Lily Meaning — Symbolism, Origins & Significance
Quick answer
The lily most commonly symbolises purity, resurrection, and divine beauty. White lilies are associated with the Virgin Mary and with Easter resurrection in Christian tradition. The tiger lily represents pride and passion. The yellow lily suggests thankfulness and desire in Victorian flower language, while the lotus-lily of Eastern traditions carries entirely different meanings of enlightenment and purity arising from mud.
| Aspect | Detail |
|---|---|
| Name | Lily |
| Category | plant, spiritual, christian, floral |
| Cultures | Christian, Egyptian, Greek, Chinese, Victorian |
| Core Meanings | purity, resurrection, the Virgin Mary, regality, renewal, death and rebirth |
| Sacred / Religious | Yes — treat with cultural respect |
The lily is one of the oldest and most continuously significant flowers in human symbolic history — a bloom whose physical beauty (the large, often white petals, the distinctive trumpet shape, the powerful fragrance) made it irresistible to symbolic imagination across cultures and millennia. From ancient Egyptian lotus-lily hybrids painted on tomb walls to the white Easter lily on the altar of the contemporary Christian church, from the fleur-de-lis of French royalty to the tiger lily of Victorian death symbolism, the lily has accumulated one of the richest and most varied symbolic portfolios of any flower. It is simultaneously a symbol of purity and of sexuality, of the Virgin Mary and of sensual love, of resurrection and of death — a flower whose meaning depends entirely on which lily you are speaking of, in which cultural context, and for whom. This page untangles the lily's complex symbolic history, distinguishing the white Annunciation lily from the Easter lily, the fleur-de-lis from the lotus-lily, and the tiger lily from the Peruvian lily, each with its distinct meanings and traditions.
What the Lily Represents
The lily family (Lilium and related genera) is extraordinarily diverse — there are approximately 100 species in the true Lilium genus alone, plus hundreds of hybrids, plus the closely related genera that popular usage calls 'lilies' (daylilies, calla lilies, water lilies/lotus). This botanical diversity corresponds to an equally diverse symbolic history in which the same word 'lily' can invoke radically different meanings depending on which flower is actually intended.
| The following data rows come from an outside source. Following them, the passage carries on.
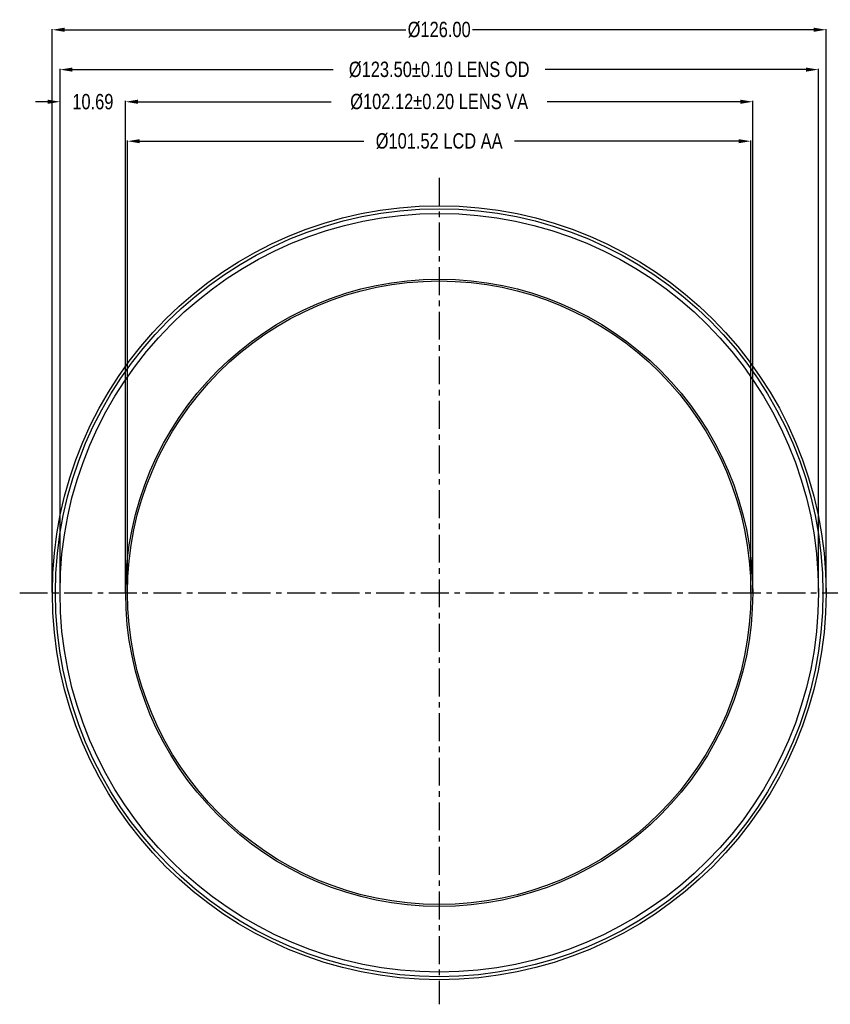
# Model space of a CAD drawing. Header units: inches. Extents: x -137 to 248, y -58 to 104.
# Tile 1 of 8: x -137 to -5, y -56 to 104. Entities that reach past the tile are written whole.
import ezdxf

# ---------------------------------------------------------------- set-up
doc = ezdxf.new("R2010")
doc.units = ezdxf.units.IN
doc.header["$LTSCALE"] = 1.21
doc.header["$MEASUREMENT"] = 0
doc.header["$PDMODE"] = 3
doc.header["$PDSIZE"] = 0.3125
doc.linetypes.add('CENTER', pattern=[2, 1.25, -0.25, 0.25, -0.25])
doc.layers.get('0').update_dxf_attribs({"linetype": 'CONTINUOUS'})
doc.layers.get('Defpoints').update_dxf_attribs({"linetype": 'CONTINUOUS'})
doc.layers.add('DIM', color=3, linetype='CONTINUOUS')
doc.styles.get("Standard").update_dxf_attribs({"font": 'txt', "width": 0.8})
doc.dimstyles.get("Standard").update_dxf_attribs({"dimtxt": 0.15625, "dimasz": 0.1875, "dimexe": 0.125, "dimexo": 0.0625, "dimgap": 0.09, "dimtad": 0, "dimtih": 1, "dimtoh": 1, "dimzin": 4, "dimdsep": 46, "dimtxsty": 'STANDARD', "dimblk": '_FILLED', "dimblk1": '_FILLED', "dimblk2": '_FILLED', "dimcen": 0.09, "dimazin": 1, "dimtp": 0.01, "dimtm": 0.01, "dimtfac": 1, "dimtofl": 0, "dimtmove": 0, "dimatfit": 3, "dimldrblk": '_FILLED', "dimfxl": 1, "dimtolj": 1, "dimtzin": 4, "dimarcsym": 0})

# ---------------------------------------------------------------- blocks, each defined once
blk = doc.blocks.new('_FILLED')
at = {"color": 0, "linetype": 'ByBlock'}
blk.add_solid([(0, 0), (-1, 0.167), (-1, -0.167)], dxfattribs=at)
blk = doc.blocks.new('*D1')
at = {"layer": 'Defpoints', "color": 0, "linetype": 'CENTER'}
for p in [(-18.07, 84.71), (-119.59, 11.2), (-18.07, 11.2)]:
    blk.add_point(p, dxfattribs=at)
at = {"layer": 'DIM', "color": 0, "lineweight": -2}
for p, q in [((-119.59, 11.26), (-119.59, 84.83)), ((-117.59, 84.71), (-81.08, 84.71)), ((-20.07, 84.71), (-56.57, 84.71)), ((-18.07, 11.26), (-18.07, 84.83))]:
    blk.add_line(p, q, dxfattribs=at)
at = {"layer": 'DIM', "color": 0, "linetype": 'CENTER', "lineweight": -2, "xscale": 2, "yscale": 2, "zscale": 2, "rotation": 180}
blk.add_blockref('_FILLED', (-119.59, 84.71), dxfattribs=at)
at = {"layer": 'DIM', "color": 0, "linetype": 'CENTER', "lineweight": -2, "xscale": 2, "yscale": 2, "zscale": 2}
blk.add_blockref('_FILLED', (-18.07, 84.71), dxfattribs=at)
at = {"layer": 'DIM', "color": 0, "linetype": 'CENTER', "insert": (-68.83, 84.71), "char_height": 2.5, "attachment_point": 5}
blk.add_mtext('\\A1;%%C101.52 LCD AA', dxfattribs=at)
blk = doc.blocks.new('*D2')
at = {"layer": 'Defpoints', "color": 0}
for p in [(-7.08, 96.36), (-130.58, 11.2), (-7.08, 11.2)]:
    blk.add_point(p, dxfattribs=at)
at = {"layer": 'DIM', "color": 0, "lineweight": -2}
for p, q in [((-130.58, 11.26), (-130.58, 96.49)), ((-128.58, 96.36), (-86.08, 96.36)), ((-9.08, 96.36), (-51.57, 96.36)), ((-7.08, 11.26), (-7.08, 96.49))]:
    blk.add_line(p, q, dxfattribs=at)
at = {"layer": 'DIM', "color": 0, "lineweight": -2, "xscale": 2, "yscale": 2, "zscale": 2, "rotation": 180}
blk.add_blockref('_FILLED', (-130.58, 96.36), dxfattribs=at)
at = {"layer": 'DIM', "color": 0, "lineweight": -2, "xscale": 2, "yscale": 2, "zscale": 2}
blk.add_blockref('_FILLED', (-7.08, 96.36), dxfattribs=at)
at = {"layer": 'DIM', "color": 0, "insert": (-68.83, 96.36), "char_height": 2.5, "attachment_point": 5}
blk.add_mtext('\\A1;%%C123.50%%p0.10 LENS OD', dxfattribs=at)
blk = doc.blocks.new('*D3')
at = {"layer": 'Defpoints', "color": 0}
for p in [(-17.77, 91.13), (-119.89, 11.2), (-17.77, 11.2)]:
    blk.add_point(p, dxfattribs=at)
at = {"layer": 'DIM', "color": 0, "lineweight": -2}
for p, q in [((-119.89, 11.26), (-119.89, 91.26)), ((-117.89, 91.13), (-86.42, 91.13)), ((-19.77, 91.13), (-51.24, 91.13)), ((-17.77, 11.26), (-17.77, 91.26))]:
    blk.add_line(p, q, dxfattribs=at)
at = {"layer": 'DIM', "color": 0, "lineweight": -2, "xscale": 2, "yscale": 2, "zscale": 2, "rotation": 180}
blk.add_blockref('_FILLED', (-119.89, 91.13), dxfattribs=at)
at = {"layer": 'DIM', "color": 0, "lineweight": -2, "xscale": 2, "yscale": 2, "zscale": 2}
blk.add_blockref('_FILLED', (-17.77, 91.13), dxfattribs=at)
at = {"layer": 'DIM', "color": 0, "insert": (-68.83, 91.13), "char_height": 2.5, "attachment_point": 5}
blk.add_mtext('\\A1;%%C102.12%%p0.20 LENS VA', dxfattribs=at)
blk = doc.blocks.new('*D4')
at = {"layer": 'Defpoints', "color": 0}
for p in [(-130.58, 91.13), (-130.58, 11.2), (-119.89, 11.2)]:
    blk.add_point(p, dxfattribs=at)
at = {"layer": 'DIM', "color": 0, "lineweight": -2}
for p, q in [((-132.58, 91.13), (-134.58, 91.13)), ((-130.58, 11.26), (-130.58, 91.26)), ((-119.89, 11.26), (-119.89, 91.26)), ((-117.89, 91.13), (-115.89, 91.13))]:
    blk.add_line(p, q, dxfattribs=at)
at = {"layer": 'DIM', "color": 0, "lineweight": -2, "xscale": 2, "yscale": 2, "zscale": 2}
blk.add_blockref('_FILLED', (-130.58, 91.13), dxfattribs=at)
at = {"layer": 'DIM', "color": 0, "lineweight": -2, "xscale": 2, "yscale": 2, "zscale": 2, "rotation": 180}
blk.add_blockref('_FILLED', (-119.89, 91.13), dxfattribs=at)
at = {"layer": 'DIM', "color": 0, "insert": (-125.23, 91.13), "char_height": 2.5, "attachment_point": 5}
blk.add_mtext('\\A1;10.69', dxfattribs=at)
blk = doc.blocks.new('*D5')
at = {"layer": 'Defpoints', "color": 0}
for p in [(-5.83, 102.85), (-131.83, 11.2), (-5.83, 11.2)]:
    blk.add_point(p, dxfattribs=at)
at = {"layer": 'DIM', "color": 0, "lineweight": -2}
for p, q in [((-131.83, 11.26), (-131.83, 102.97)), ((-129.83, 102.85), (-74.25, 102.85)), ((-7.83, 102.85), (-63.4, 102.85)), ((-5.83, 11.26), (-5.83, 102.97))]:
    blk.add_line(p, q, dxfattribs=at)
at = {"layer": 'DIM', "color": 0, "lineweight": -2, "xscale": 2, "yscale": 2, "zscale": 2, "rotation": 180}
blk.add_blockref('_FILLED', (-131.83, 102.85), dxfattribs=at)
at = {"layer": 'DIM', "color": 0, "lineweight": -2, "xscale": 2, "yscale": 2, "zscale": 2}
blk.add_blockref('_FILLED', (-5.83, 102.85), dxfattribs=at)
at = {"layer": 'DIM', "color": 0, "insert": (-68.83, 102.85), "char_height": 2.5, "attachment_point": 5}
blk.add_mtext('\\A1;%%C126.00', dxfattribs=at)

msp = doc.modelspace()

# ---------------------------------------------------------------- linework, layer by layer
at = {"color": 7, "linetype": 'Continuous'}
for radius in [63, 62.5, 61.75, 51.06, 50.76]:
    msp.add_circle((-68.826, 11.2), radius, dxfattribs=at)
at = {"layer": 'DIM', "color": 6, "linetype": 'CENTER', "ltscale": 3}
for p, q in [((-68.826, 78.721), (-68.826, -55.794)), ((-137.146, 11.2), (0.412, 11.2))]:
    msp.add_line(p, q, dxfattribs=at)

# ---------------------------------------------------------------- dimensions: what is measured, and where the dimension line sits
at = {"layer": 'DIM'}
for base, p1, p2, override, picture, middle in [((-5.826, 102.847), (-131.826, 11.2), (-5.826, 11.2), {"dimtxt": 2.5, "dimasz": 2, "dimtih": 0, "dimtoh": 0, "dimzin": 0, "dimpost": '%%C<>', "dimcen": 0.198, "dimadec": 0, "dimazin": 0, "dimtp": 0, "dimtm": 0, "dimtdec": 4, "dimtzin": 0}, '*D5', (-68.826, 102.847)), ((-7.076, 96.365), (-130.576, 11.2), (-7.076, 11.2), {"dimtxt": 2.5, "dimasz": 2, "dimgap": 0.09, "dimtih": 0, "dimtoh": 0, "dimzin": 0, "dimpost": '%%C<> LENS OD', "dimcen": 0.198, "dimadec": 0, "dimazin": 0, "dimtol": 1, "dimlim": 0, "dimtp": 0.1, "dimtm": 0.1, "dimtdec": 2, "dimtzin": 0}, '*D2', (-68.826, 96.365)), ((-17.766, 91.131), (-119.886, 11.2), (-17.766, 11.2), {"dimtxt": 2.5, "dimasz": 2, "dimgap": 0.09, "dimtih": 0, "dimtoh": 0, "dimzin": 0, "dimpost": '%%C<> LENS VA', "dimcen": 0.198, "dimadec": 0, "dimazin": 0, "dimtol": 1, "dimlim": 0, "dimtp": 0.2, "dimtm": 0.2, "dimtdec": 2, "dimtzin": 0}, '*D3', (-68.826, 91.131)), ((-130.576, 91.131), (-119.886, 11.2), (-130.576, 11.2), {"dimtxt": 2.5, "dimasz": 2, "dimtih": 0, "dimtoh": 0, "dimzin": 0, "dimcen": 0.198, "dimadec": 0, "dimazin": 0, "dimtp": 0, "dimtm": 0, "dimtdec": 4, "dimtzin": 0}, '*D4', (-125.231, 91.131)), ((-18.066, 84.706), (-119.586, 11.2), (-18.066, 11.2), {"dimtxt": 2.5, "dimasz": 2, "dimtih": 0, "dimtoh": 0, "dimzin": 0, "dimpost": '%%C<> LCD AA', "dimcen": 0.198, "dimadec": 0, "dimazin": 0, "dimtp": 0, "dimtm": 0, "dimtdec": 4, "dimtzin": 0}, '*D1', (-68.826, 84.706))]:
    dim = msp.add_linear_dim(base=base, p1=p1, p2=p2, dimstyle='STANDARD', override=override, dxfattribs=at)
    dim.commit()
    dim.dimension.update_dxf_attribs({"geometry": picture, "text_midpoint": middle})

doc.saveas('drawing.dxf')

The white lily (Lilium candidum, the Madonna lily) is the symbolic starting point for most Western lily symbolism. Its pure white petals, its spring flowering, and its powerful sweet fragrance made it the perfect emblem of purity in multiple ancient Mediterranean cultures before Christianity adapted it as the flower most appropriate to the Virgin Mary. In Christian iconography, the white lily appears in Annunciation paintings — the moment when the angel Gabriel announces to Mary that she will conceive the son of God — as a symbol of Mary's purity and of the miracle's spiritual character. Gabriel often carries a lily or has a lily vase beside him; Mary's gesture of reception is framed by lily petals. This image, painted by virtually every major artist of the Renaissance and medieval period, made the white lily the most visually familiar flower in Western sacred art.
The Easter lily (Lilium longiflorum, a distinct species from the Madonna lily) acquired its resurrection symbolism through a combination of its spring flowering time and its white trumpet shape — both understood as fitting signals of the resurrection event that Christianity celebrates at Easter. The Eastern trompet shape, opening wide like a fanfare, was read as announcing good news. The flowers that wither after a single spectacular blooming and then apparently die, only to regrow vigorously from the same bulb the following spring, make the lily a natural resurrection metaphor quite apart from any deliberate symbolic assignment.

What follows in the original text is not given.